Simple cysts may be present at birth. Ultrasonography on approximately 30,000 fetuses in succession revealed an incidence of 0.09%, in most of whom the cysts resolved by birth.14 Only two of them persisted as simple benign cysts and in a third case heralded a unilateral multicystic dysplastic kidney. Between birth and 20 yr of age, the occurrence of new cysts is very rare but thereafter begins to increase in frequency, with an increased male-to-female ratio of approximately 2:1 in some studies.7–11 The reported overall prevalence of simple cysts is variable. Depending on the population and method of study, reported prevalences range from 5 to 41% but are likely in the range of 7 to 10%.6–8 Older autopsy studies reported their presence in 3 to 5% of cases.15
Simple cysts are discrete lesions within the kidney that are typically cortical, extending outside the parenchyma and distorting the renal contour. They are oval or circular in shape and have a distinct, sharply defined outline. The cyst wall is characteristically smooth, transparent, avascular, yellowish or bluish white in color, and formed by a thin layer of fibrous tissue lined by a single layer of flattened or cuboidal epithelia. They are filled with a homogeneous transudate-like, clear or straw-colored fluid of low viscosity, with a radiodensity similar to water of −10 to 20 Hounsfield units (HU). Approximately 70 to 80% are solitary, unilateral, and cortical.2–4 As is the case of their occurrence, their number in the same kidney and laterality increase with age, with more than one cyst reported in half and bilateral cysts in one third of older individuals.7–11 Simple cysts are variable in size on initial detection but increase in size over time in approximately one fourth of cases, particularly in younger individuals, in whom they are more likely to enlarge.4,8 In general, the increase in size is slow, estimated rate of 1.6 mm or approximately 4 to 5% per year, and may double the original size over 10 yr. In follow-up studies, the increase in size was more evident during the first 2 to 3 yr after detection and seemed to stabilize thereafter. Multiloculated and bilateral cysts were more likely to increase in size.8
Risk factors incriminated in the occurrence of simple cysts are serum creatinine, smoking, and hypertension3–7; however, these associations may well be coincidental given the retrospective nature of the reported studies, with variable reasons for diagnostic referral of differing cohorts, with age being an overarching confounder of all reported associations.8
As a rule, simple cysts are an asymptomatic incidental finding on abdominal imaging.
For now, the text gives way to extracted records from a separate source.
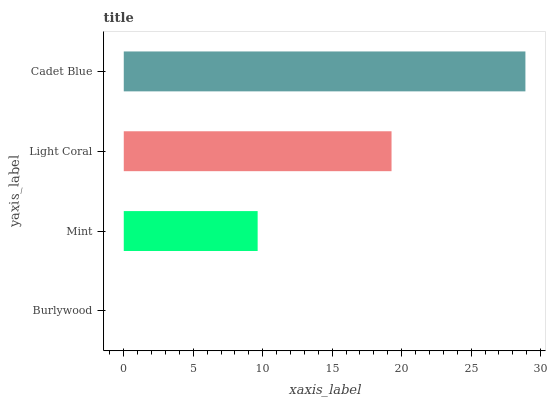Is Burlywood the minimum?
Answer yes or no. Yes. Is Cadet Blue the maximum?
Answer yes or no. Yes. Is Mint the minimum?
Answer yes or no. No. Is Mint the maximum?
Answer yes or no. No. Is Mint greater than Burlywood?
Answer yes or no. Yes. Is Burlywood less than Mint?
Answer yes or no. Yes. Is Burlywood greater than Mint?
Answer yes or no. No. Is Mint less than Burlywood?
Answer yes or no. No. Is Light Coral the high median?
Answer yes or no. Yes. Is Mint the low median?
Answer yes or no. Yes. Is Mint the high median?
Answer yes or no. No. Is Burlywood the low median?
Answer yes or no. No. 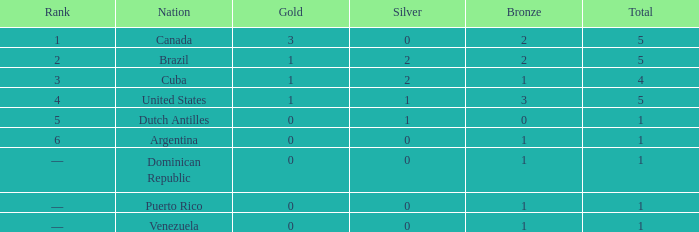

Occasionally, they become symptomatic and may present with flank pain, abdominal discomfort, a palpable mass, or hematuria; as a result of complications; or consequent to an enlarging cyst. A large cyst may cause obstructive symptoms, particularly when proximal to or encompassing the renal pelvis. Clinical symptoms are more common with neoplasms than simple cysts, and the onset of symptoms should always raise the possibility of an associated malignancy and the need for additional diagnostic studies.2–4
Complications are rare with a reported range of 2 to 4%.2–4 The principal complications are hemorrhage, infection, or rupture. Apart from becoming symptomatic, cysts that develop complications acquire features that overlap with atypical complex cysts. Hemorrhage may occur in a preexisting simple cyst, or a cyst may form from the liquefaction of a traumatic hemorrhage within the kidney parenchyma. Approximately 6% of simple cysts are complicated by hemorrhage, usually as a result of trauma, enlargement, or bleeding diathesis. Acute hemorrhage increases the attenuation value of a cyst (70 to 90 HU), but as blood liquefies and organizes, attenuation values decrease. Hyperdense, well-defined, homogeneous cysts with an attenuation of 50 to 100 HU that does not enhance usually represent acute hemorrhage. As hemorrhagic cysts resolve, they develop residual calcification in a central pattern or within the cyst wall that becomes thickened and develops septae with the cyst becoming multilocular or multilobular, essentially acquiring the features of a complex cyst. As such, hemorrhagic cysts will require careful evaluation to rule out a malignancy and determine the need for surgical intervention.2–4
As with hemorrhage, simple cysts may become infected or a renal abscess may resolve into a cyst.2–4 The wall of infected cysts is often thickened markedly and calcified occasionally. Attenuation is increased and may be nonhomogeneous but is not enhanced after dye. Clinical features may well define an infected cyst. Alternatively, this is one situation in which cyst puncture and aspiration can be diagnostic and either circumvent the need for surgery or limit it to drainage of an infected cyst.4,16
A classification of renal cysts on the basis of their appearance and enhancement on CT was introduced by Bosniak in 1986 and refined in 2003 (Table 1)17 and is accepted by urologists and radiologists for the diagnosis, evaluation, and management of cystic lesions. Technical adequacy, high-quality imaging, operator skill, interpretive expertise, and the population studied affect the variable results in the literature. It is important to note that the classification criteria are based on CT and only retrospectively extended to ultrasonography for the diagnosis of a simple cyst.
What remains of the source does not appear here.